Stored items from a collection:
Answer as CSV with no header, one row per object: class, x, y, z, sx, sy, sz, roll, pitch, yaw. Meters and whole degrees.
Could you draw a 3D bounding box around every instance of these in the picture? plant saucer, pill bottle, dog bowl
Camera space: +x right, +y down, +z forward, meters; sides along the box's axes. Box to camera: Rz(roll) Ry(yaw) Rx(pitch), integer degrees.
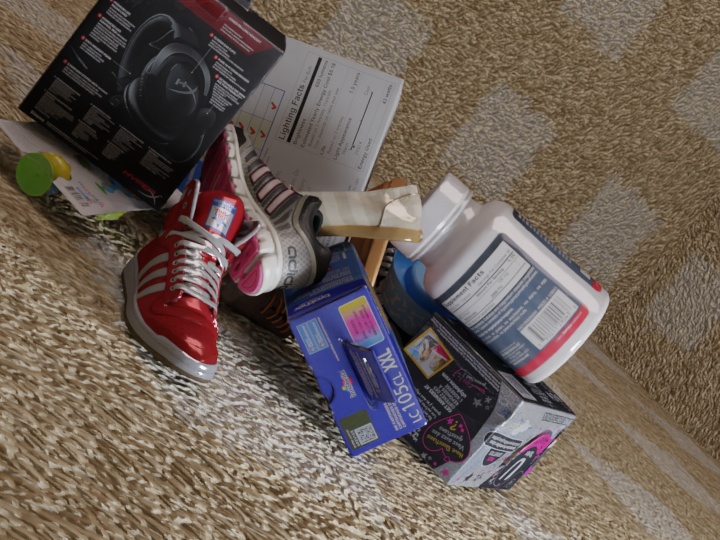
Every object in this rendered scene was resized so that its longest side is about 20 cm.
plant saucer,0.000,0.000,1.369,0.037,0.200,0.200,17,8,1
pill bottle,0.132,0.003,1.334,0.200,0.120,0.120,42,8,-2
dog bowl,0.107,0.023,1.459,0.200,0.050,0.112,-5,54,-39

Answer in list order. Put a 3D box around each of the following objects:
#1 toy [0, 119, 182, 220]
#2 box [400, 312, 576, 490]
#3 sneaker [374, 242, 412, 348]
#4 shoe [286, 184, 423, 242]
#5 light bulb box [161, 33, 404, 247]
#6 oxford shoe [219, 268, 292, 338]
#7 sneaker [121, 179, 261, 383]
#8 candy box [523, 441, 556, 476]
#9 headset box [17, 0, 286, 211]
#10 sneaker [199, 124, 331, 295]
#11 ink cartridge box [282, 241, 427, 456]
toy,-0.238,-0.079,1.198,0.115,0.047,0.200,45,14,11
box,0.113,0.138,1.370,0.132,0.115,0.200,46,10,23
sneaker,0.028,0.018,1.500,0.108,0.070,0.200,-14,83,-35
shoe,-0.041,-0.055,1.251,0.200,0.053,0.070,3,6,4
light bulb box,-0.084,-0.123,1.358,0.200,0.198,0.125,21,-6,0
oxford shoe,-0.083,0.021,1.279,0.073,0.071,0.200,47,9,16
sneaker,-0.123,0.001,1.040,0.071,0.113,0.200,35,9,-28
candy box,0.140,0.147,1.632,0.136,0.061,0.200,37,8,-19
headset box,-0.169,-0.177,1.163,0.149,0.200,0.077,36,15,-14
sneaker,-0.080,-0.051,1.179,0.087,0.074,0.200,6,37,-29
ink cartridge box,-0.007,0.068,1.177,0.200,0.076,0.137,-104,170,-74

_Problem description:_
Go through the records above and return each line in which the word "Answer" occurs.

_Solution to this exercise:_
Answer as CSV with no header, one row per object: class, x, y, z, sx, sy, sz, roll, pitch, yaw. Meters and whole degrees.
Answer in list order. Put a 3D box around each of the following objects:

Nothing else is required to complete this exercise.